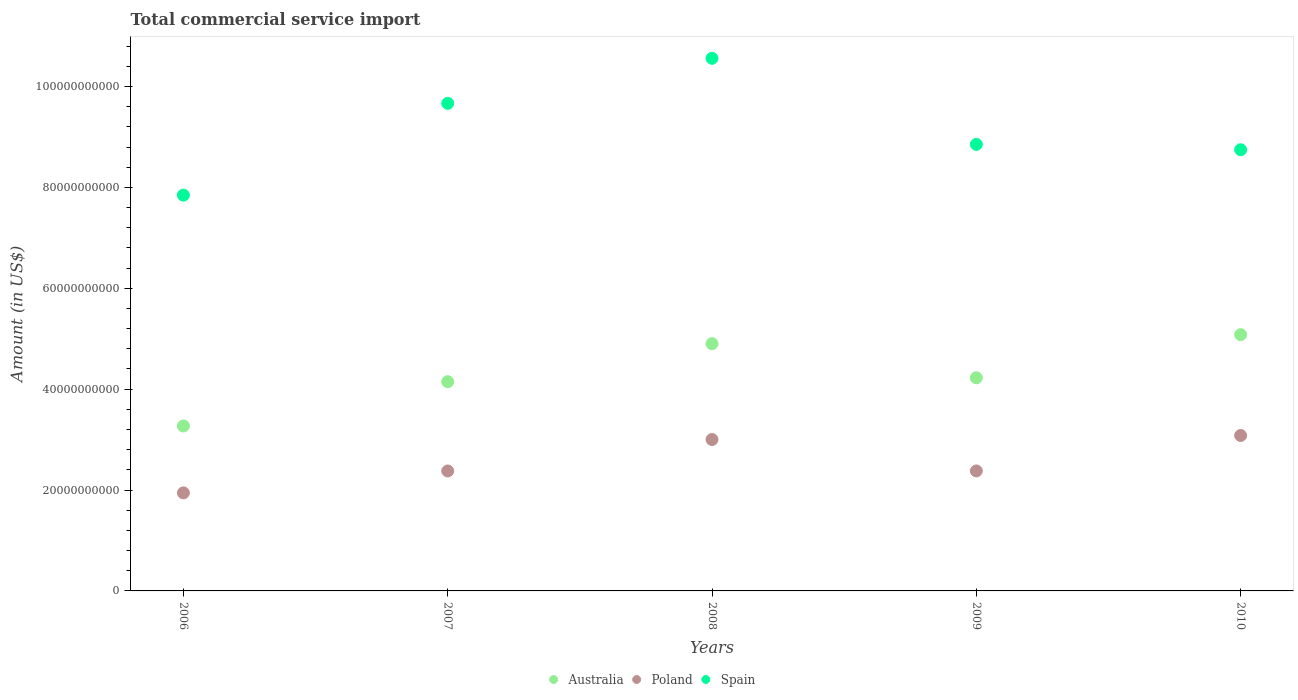How many different coloured dotlines are there?
Offer a very short reply. 3. Is the number of dotlines equal to the number of legend labels?
Make the answer very short. Yes. What is the total commercial service import in Spain in 2008?
Your answer should be very brief. 1.06e+11. Across all years, what is the maximum total commercial service import in Australia?
Ensure brevity in your answer.  5.08e+1. Across all years, what is the minimum total commercial service import in Australia?
Provide a succinct answer. 3.27e+1. In which year was the total commercial service import in Spain minimum?
Your response must be concise. 2006. What is the total total commercial service import in Spain in the graph?
Offer a terse response. 4.57e+11. What is the difference between the total commercial service import in Poland in 2007 and that in 2010?
Make the answer very short. -7.04e+09. What is the difference between the total commercial service import in Australia in 2007 and the total commercial service import in Poland in 2008?
Provide a short and direct response. 1.15e+1. What is the average total commercial service import in Spain per year?
Give a very brief answer. 9.13e+1. In the year 2008, what is the difference between the total commercial service import in Poland and total commercial service import in Australia?
Provide a short and direct response. -1.90e+1. What is the ratio of the total commercial service import in Spain in 2006 to that in 2007?
Give a very brief answer. 0.81. What is the difference between the highest and the second highest total commercial service import in Spain?
Provide a short and direct response. 8.93e+09. What is the difference between the highest and the lowest total commercial service import in Australia?
Offer a very short reply. 1.81e+1. In how many years, is the total commercial service import in Australia greater than the average total commercial service import in Australia taken over all years?
Make the answer very short. 2. Is the sum of the total commercial service import in Spain in 2007 and 2008 greater than the maximum total commercial service import in Australia across all years?
Your response must be concise. Yes. Is it the case that in every year, the sum of the total commercial service import in Australia and total commercial service import in Spain  is greater than the total commercial service import in Poland?
Provide a succinct answer. Yes. Is the total commercial service import in Spain strictly greater than the total commercial service import in Poland over the years?
Provide a succinct answer. Yes. Is the total commercial service import in Australia strictly less than the total commercial service import in Poland over the years?
Offer a terse response. No. How many years are there in the graph?
Offer a very short reply. 5. Does the graph contain any zero values?
Give a very brief answer. No. How many legend labels are there?
Make the answer very short. 3. How are the legend labels stacked?
Provide a succinct answer. Horizontal. What is the title of the graph?
Make the answer very short. Total commercial service import. Does "Jamaica" appear as one of the legend labels in the graph?
Offer a very short reply. No. What is the label or title of the X-axis?
Your response must be concise. Years. What is the Amount (in US$) of Australia in 2006?
Your answer should be compact. 3.27e+1. What is the Amount (in US$) of Poland in 2006?
Your response must be concise. 1.94e+1. What is the Amount (in US$) of Spain in 2006?
Give a very brief answer. 7.85e+1. What is the Amount (in US$) in Australia in 2007?
Give a very brief answer. 4.15e+1. What is the Amount (in US$) in Poland in 2007?
Offer a very short reply. 2.38e+1. What is the Amount (in US$) in Spain in 2007?
Offer a terse response. 9.67e+1. What is the Amount (in US$) of Australia in 2008?
Your answer should be very brief. 4.90e+1. What is the Amount (in US$) in Poland in 2008?
Your answer should be compact. 3.00e+1. What is the Amount (in US$) in Spain in 2008?
Your answer should be compact. 1.06e+11. What is the Amount (in US$) of Australia in 2009?
Offer a terse response. 4.23e+1. What is the Amount (in US$) of Poland in 2009?
Provide a short and direct response. 2.38e+1. What is the Amount (in US$) of Spain in 2009?
Offer a terse response. 8.85e+1. What is the Amount (in US$) in Australia in 2010?
Your answer should be very brief. 5.08e+1. What is the Amount (in US$) of Poland in 2010?
Provide a short and direct response. 3.08e+1. What is the Amount (in US$) of Spain in 2010?
Your response must be concise. 8.75e+1. Across all years, what is the maximum Amount (in US$) in Australia?
Offer a terse response. 5.08e+1. Across all years, what is the maximum Amount (in US$) of Poland?
Provide a succinct answer. 3.08e+1. Across all years, what is the maximum Amount (in US$) in Spain?
Your response must be concise. 1.06e+11. Across all years, what is the minimum Amount (in US$) of Australia?
Offer a very short reply. 3.27e+1. Across all years, what is the minimum Amount (in US$) of Poland?
Ensure brevity in your answer.  1.94e+1. Across all years, what is the minimum Amount (in US$) of Spain?
Keep it short and to the point. 7.85e+1. What is the total Amount (in US$) in Australia in the graph?
Your answer should be very brief. 2.16e+11. What is the total Amount (in US$) of Poland in the graph?
Offer a very short reply. 1.28e+11. What is the total Amount (in US$) of Spain in the graph?
Your answer should be compact. 4.57e+11. What is the difference between the Amount (in US$) in Australia in 2006 and that in 2007?
Offer a terse response. -8.78e+09. What is the difference between the Amount (in US$) of Poland in 2006 and that in 2007?
Ensure brevity in your answer.  -4.34e+09. What is the difference between the Amount (in US$) in Spain in 2006 and that in 2007?
Give a very brief answer. -1.82e+1. What is the difference between the Amount (in US$) of Australia in 2006 and that in 2008?
Your answer should be compact. -1.63e+1. What is the difference between the Amount (in US$) in Poland in 2006 and that in 2008?
Ensure brevity in your answer.  -1.06e+1. What is the difference between the Amount (in US$) of Spain in 2006 and that in 2008?
Ensure brevity in your answer.  -2.71e+1. What is the difference between the Amount (in US$) in Australia in 2006 and that in 2009?
Provide a succinct answer. -9.56e+09. What is the difference between the Amount (in US$) in Poland in 2006 and that in 2009?
Your answer should be compact. -4.35e+09. What is the difference between the Amount (in US$) in Spain in 2006 and that in 2009?
Make the answer very short. -1.01e+1. What is the difference between the Amount (in US$) of Australia in 2006 and that in 2010?
Provide a succinct answer. -1.81e+1. What is the difference between the Amount (in US$) of Poland in 2006 and that in 2010?
Provide a succinct answer. -1.14e+1. What is the difference between the Amount (in US$) of Spain in 2006 and that in 2010?
Your answer should be very brief. -9.00e+09. What is the difference between the Amount (in US$) in Australia in 2007 and that in 2008?
Ensure brevity in your answer.  -7.54e+09. What is the difference between the Amount (in US$) of Poland in 2007 and that in 2008?
Provide a short and direct response. -6.24e+09. What is the difference between the Amount (in US$) in Spain in 2007 and that in 2008?
Make the answer very short. -8.93e+09. What is the difference between the Amount (in US$) in Australia in 2007 and that in 2009?
Your answer should be compact. -7.81e+08. What is the difference between the Amount (in US$) in Poland in 2007 and that in 2009?
Your answer should be compact. -9.00e+06. What is the difference between the Amount (in US$) in Spain in 2007 and that in 2009?
Give a very brief answer. 8.14e+09. What is the difference between the Amount (in US$) in Australia in 2007 and that in 2010?
Ensure brevity in your answer.  -9.33e+09. What is the difference between the Amount (in US$) of Poland in 2007 and that in 2010?
Your answer should be compact. -7.04e+09. What is the difference between the Amount (in US$) in Spain in 2007 and that in 2010?
Provide a short and direct response. 9.20e+09. What is the difference between the Amount (in US$) in Australia in 2008 and that in 2009?
Keep it short and to the point. 6.76e+09. What is the difference between the Amount (in US$) in Poland in 2008 and that in 2009?
Ensure brevity in your answer.  6.23e+09. What is the difference between the Amount (in US$) of Spain in 2008 and that in 2009?
Offer a terse response. 1.71e+1. What is the difference between the Amount (in US$) in Australia in 2008 and that in 2010?
Give a very brief answer. -1.79e+09. What is the difference between the Amount (in US$) in Poland in 2008 and that in 2010?
Provide a succinct answer. -8.00e+08. What is the difference between the Amount (in US$) in Spain in 2008 and that in 2010?
Your answer should be compact. 1.81e+1. What is the difference between the Amount (in US$) of Australia in 2009 and that in 2010?
Ensure brevity in your answer.  -8.55e+09. What is the difference between the Amount (in US$) of Poland in 2009 and that in 2010?
Provide a short and direct response. -7.03e+09. What is the difference between the Amount (in US$) of Spain in 2009 and that in 2010?
Your answer should be very brief. 1.06e+09. What is the difference between the Amount (in US$) of Australia in 2006 and the Amount (in US$) of Poland in 2007?
Your response must be concise. 8.92e+09. What is the difference between the Amount (in US$) in Australia in 2006 and the Amount (in US$) in Spain in 2007?
Your answer should be very brief. -6.40e+1. What is the difference between the Amount (in US$) of Poland in 2006 and the Amount (in US$) of Spain in 2007?
Provide a short and direct response. -7.72e+1. What is the difference between the Amount (in US$) in Australia in 2006 and the Amount (in US$) in Poland in 2008?
Make the answer very short. 2.68e+09. What is the difference between the Amount (in US$) in Australia in 2006 and the Amount (in US$) in Spain in 2008?
Make the answer very short. -7.29e+1. What is the difference between the Amount (in US$) in Poland in 2006 and the Amount (in US$) in Spain in 2008?
Keep it short and to the point. -8.62e+1. What is the difference between the Amount (in US$) of Australia in 2006 and the Amount (in US$) of Poland in 2009?
Ensure brevity in your answer.  8.91e+09. What is the difference between the Amount (in US$) in Australia in 2006 and the Amount (in US$) in Spain in 2009?
Your answer should be very brief. -5.58e+1. What is the difference between the Amount (in US$) in Poland in 2006 and the Amount (in US$) in Spain in 2009?
Ensure brevity in your answer.  -6.91e+1. What is the difference between the Amount (in US$) in Australia in 2006 and the Amount (in US$) in Poland in 2010?
Keep it short and to the point. 1.88e+09. What is the difference between the Amount (in US$) in Australia in 2006 and the Amount (in US$) in Spain in 2010?
Offer a very short reply. -5.48e+1. What is the difference between the Amount (in US$) of Poland in 2006 and the Amount (in US$) of Spain in 2010?
Offer a terse response. -6.80e+1. What is the difference between the Amount (in US$) in Australia in 2007 and the Amount (in US$) in Poland in 2008?
Ensure brevity in your answer.  1.15e+1. What is the difference between the Amount (in US$) of Australia in 2007 and the Amount (in US$) of Spain in 2008?
Offer a terse response. -6.41e+1. What is the difference between the Amount (in US$) in Poland in 2007 and the Amount (in US$) in Spain in 2008?
Keep it short and to the point. -8.18e+1. What is the difference between the Amount (in US$) of Australia in 2007 and the Amount (in US$) of Poland in 2009?
Offer a very short reply. 1.77e+1. What is the difference between the Amount (in US$) of Australia in 2007 and the Amount (in US$) of Spain in 2009?
Offer a terse response. -4.70e+1. What is the difference between the Amount (in US$) of Poland in 2007 and the Amount (in US$) of Spain in 2009?
Provide a short and direct response. -6.47e+1. What is the difference between the Amount (in US$) in Australia in 2007 and the Amount (in US$) in Poland in 2010?
Ensure brevity in your answer.  1.07e+1. What is the difference between the Amount (in US$) in Australia in 2007 and the Amount (in US$) in Spain in 2010?
Your answer should be compact. -4.60e+1. What is the difference between the Amount (in US$) of Poland in 2007 and the Amount (in US$) of Spain in 2010?
Provide a succinct answer. -6.37e+1. What is the difference between the Amount (in US$) in Australia in 2008 and the Amount (in US$) in Poland in 2009?
Ensure brevity in your answer.  2.52e+1. What is the difference between the Amount (in US$) in Australia in 2008 and the Amount (in US$) in Spain in 2009?
Provide a short and direct response. -3.95e+1. What is the difference between the Amount (in US$) of Poland in 2008 and the Amount (in US$) of Spain in 2009?
Your answer should be compact. -5.85e+1. What is the difference between the Amount (in US$) of Australia in 2008 and the Amount (in US$) of Poland in 2010?
Make the answer very short. 1.82e+1. What is the difference between the Amount (in US$) in Australia in 2008 and the Amount (in US$) in Spain in 2010?
Provide a short and direct response. -3.84e+1. What is the difference between the Amount (in US$) of Poland in 2008 and the Amount (in US$) of Spain in 2010?
Your response must be concise. -5.74e+1. What is the difference between the Amount (in US$) of Australia in 2009 and the Amount (in US$) of Poland in 2010?
Offer a very short reply. 1.14e+1. What is the difference between the Amount (in US$) in Australia in 2009 and the Amount (in US$) in Spain in 2010?
Your answer should be very brief. -4.52e+1. What is the difference between the Amount (in US$) in Poland in 2009 and the Amount (in US$) in Spain in 2010?
Your answer should be compact. -6.37e+1. What is the average Amount (in US$) in Australia per year?
Your response must be concise. 4.33e+1. What is the average Amount (in US$) in Poland per year?
Your answer should be very brief. 2.56e+1. What is the average Amount (in US$) of Spain per year?
Offer a very short reply. 9.13e+1. In the year 2006, what is the difference between the Amount (in US$) in Australia and Amount (in US$) in Poland?
Give a very brief answer. 1.33e+1. In the year 2006, what is the difference between the Amount (in US$) in Australia and Amount (in US$) in Spain?
Ensure brevity in your answer.  -4.58e+1. In the year 2006, what is the difference between the Amount (in US$) of Poland and Amount (in US$) of Spain?
Offer a terse response. -5.90e+1. In the year 2007, what is the difference between the Amount (in US$) of Australia and Amount (in US$) of Poland?
Make the answer very short. 1.77e+1. In the year 2007, what is the difference between the Amount (in US$) in Australia and Amount (in US$) in Spain?
Ensure brevity in your answer.  -5.52e+1. In the year 2007, what is the difference between the Amount (in US$) of Poland and Amount (in US$) of Spain?
Make the answer very short. -7.29e+1. In the year 2008, what is the difference between the Amount (in US$) in Australia and Amount (in US$) in Poland?
Make the answer very short. 1.90e+1. In the year 2008, what is the difference between the Amount (in US$) in Australia and Amount (in US$) in Spain?
Provide a succinct answer. -5.66e+1. In the year 2008, what is the difference between the Amount (in US$) of Poland and Amount (in US$) of Spain?
Your answer should be very brief. -7.56e+1. In the year 2009, what is the difference between the Amount (in US$) in Australia and Amount (in US$) in Poland?
Make the answer very short. 1.85e+1. In the year 2009, what is the difference between the Amount (in US$) of Australia and Amount (in US$) of Spain?
Keep it short and to the point. -4.63e+1. In the year 2009, what is the difference between the Amount (in US$) of Poland and Amount (in US$) of Spain?
Your response must be concise. -6.47e+1. In the year 2010, what is the difference between the Amount (in US$) of Australia and Amount (in US$) of Poland?
Your answer should be very brief. 2.00e+1. In the year 2010, what is the difference between the Amount (in US$) in Australia and Amount (in US$) in Spain?
Keep it short and to the point. -3.67e+1. In the year 2010, what is the difference between the Amount (in US$) of Poland and Amount (in US$) of Spain?
Ensure brevity in your answer.  -5.66e+1. What is the ratio of the Amount (in US$) of Australia in 2006 to that in 2007?
Provide a short and direct response. 0.79. What is the ratio of the Amount (in US$) of Poland in 2006 to that in 2007?
Your response must be concise. 0.82. What is the ratio of the Amount (in US$) in Spain in 2006 to that in 2007?
Provide a succinct answer. 0.81. What is the ratio of the Amount (in US$) in Australia in 2006 to that in 2008?
Give a very brief answer. 0.67. What is the ratio of the Amount (in US$) in Poland in 2006 to that in 2008?
Offer a very short reply. 0.65. What is the ratio of the Amount (in US$) in Spain in 2006 to that in 2008?
Offer a very short reply. 0.74. What is the ratio of the Amount (in US$) of Australia in 2006 to that in 2009?
Your answer should be very brief. 0.77. What is the ratio of the Amount (in US$) of Poland in 2006 to that in 2009?
Give a very brief answer. 0.82. What is the ratio of the Amount (in US$) in Spain in 2006 to that in 2009?
Make the answer very short. 0.89. What is the ratio of the Amount (in US$) of Australia in 2006 to that in 2010?
Make the answer very short. 0.64. What is the ratio of the Amount (in US$) of Poland in 2006 to that in 2010?
Your answer should be very brief. 0.63. What is the ratio of the Amount (in US$) in Spain in 2006 to that in 2010?
Your answer should be very brief. 0.9. What is the ratio of the Amount (in US$) in Australia in 2007 to that in 2008?
Offer a very short reply. 0.85. What is the ratio of the Amount (in US$) in Poland in 2007 to that in 2008?
Offer a very short reply. 0.79. What is the ratio of the Amount (in US$) in Spain in 2007 to that in 2008?
Offer a terse response. 0.92. What is the ratio of the Amount (in US$) of Australia in 2007 to that in 2009?
Your answer should be compact. 0.98. What is the ratio of the Amount (in US$) of Spain in 2007 to that in 2009?
Your response must be concise. 1.09. What is the ratio of the Amount (in US$) of Australia in 2007 to that in 2010?
Provide a succinct answer. 0.82. What is the ratio of the Amount (in US$) in Poland in 2007 to that in 2010?
Your answer should be compact. 0.77. What is the ratio of the Amount (in US$) of Spain in 2007 to that in 2010?
Your answer should be very brief. 1.11. What is the ratio of the Amount (in US$) of Australia in 2008 to that in 2009?
Your answer should be very brief. 1.16. What is the ratio of the Amount (in US$) of Poland in 2008 to that in 2009?
Ensure brevity in your answer.  1.26. What is the ratio of the Amount (in US$) of Spain in 2008 to that in 2009?
Your answer should be compact. 1.19. What is the ratio of the Amount (in US$) of Australia in 2008 to that in 2010?
Give a very brief answer. 0.96. What is the ratio of the Amount (in US$) in Poland in 2008 to that in 2010?
Offer a terse response. 0.97. What is the ratio of the Amount (in US$) in Spain in 2008 to that in 2010?
Offer a very short reply. 1.21. What is the ratio of the Amount (in US$) in Australia in 2009 to that in 2010?
Provide a succinct answer. 0.83. What is the ratio of the Amount (in US$) in Poland in 2009 to that in 2010?
Make the answer very short. 0.77. What is the ratio of the Amount (in US$) in Spain in 2009 to that in 2010?
Ensure brevity in your answer.  1.01. What is the difference between the highest and the second highest Amount (in US$) of Australia?
Your answer should be very brief. 1.79e+09. What is the difference between the highest and the second highest Amount (in US$) of Poland?
Offer a very short reply. 8.00e+08. What is the difference between the highest and the second highest Amount (in US$) in Spain?
Your answer should be compact. 8.93e+09. What is the difference between the highest and the lowest Amount (in US$) of Australia?
Ensure brevity in your answer.  1.81e+1. What is the difference between the highest and the lowest Amount (in US$) in Poland?
Give a very brief answer. 1.14e+1. What is the difference between the highest and the lowest Amount (in US$) of Spain?
Make the answer very short. 2.71e+1.

--------------------

- WHAT THE EXERCISE ASKS
Give back the material exactly as written, from its first line to the line that contains "Provide a short and direct response. 1.15e+1.", and leave out the pictures.

- RESPONSE
How many different coloured dotlines are there?
Offer a very short reply. 3. Is the number of dotlines equal to the number of legend labels?
Make the answer very short. Yes. What is the total commercial service import in Spain in 2008?
Your answer should be very brief. 1.06e+11. Across all years, what is the maximum total commercial service import in Australia?
Ensure brevity in your answer.  5.08e+1. Across all years, what is the minimum total commercial service import in Australia?
Provide a succinct answer. 3.27e+1. In which year was the total commercial service import in Spain minimum?
Your response must be concise. 2006. What is the total total commercial service import in Spain in the graph?
Offer a terse response. 4.57e+11. What is the difference between the total commercial service import in Poland in 2007 and that in 2010?
Make the answer very short. -7.04e+09. What is the difference between the total commercial service import in Australia in 2007 and the total commercial service import in Poland in 2008?
Provide a short and direct response. 1.15e+1. What is the average total commercial service import in Spain per year?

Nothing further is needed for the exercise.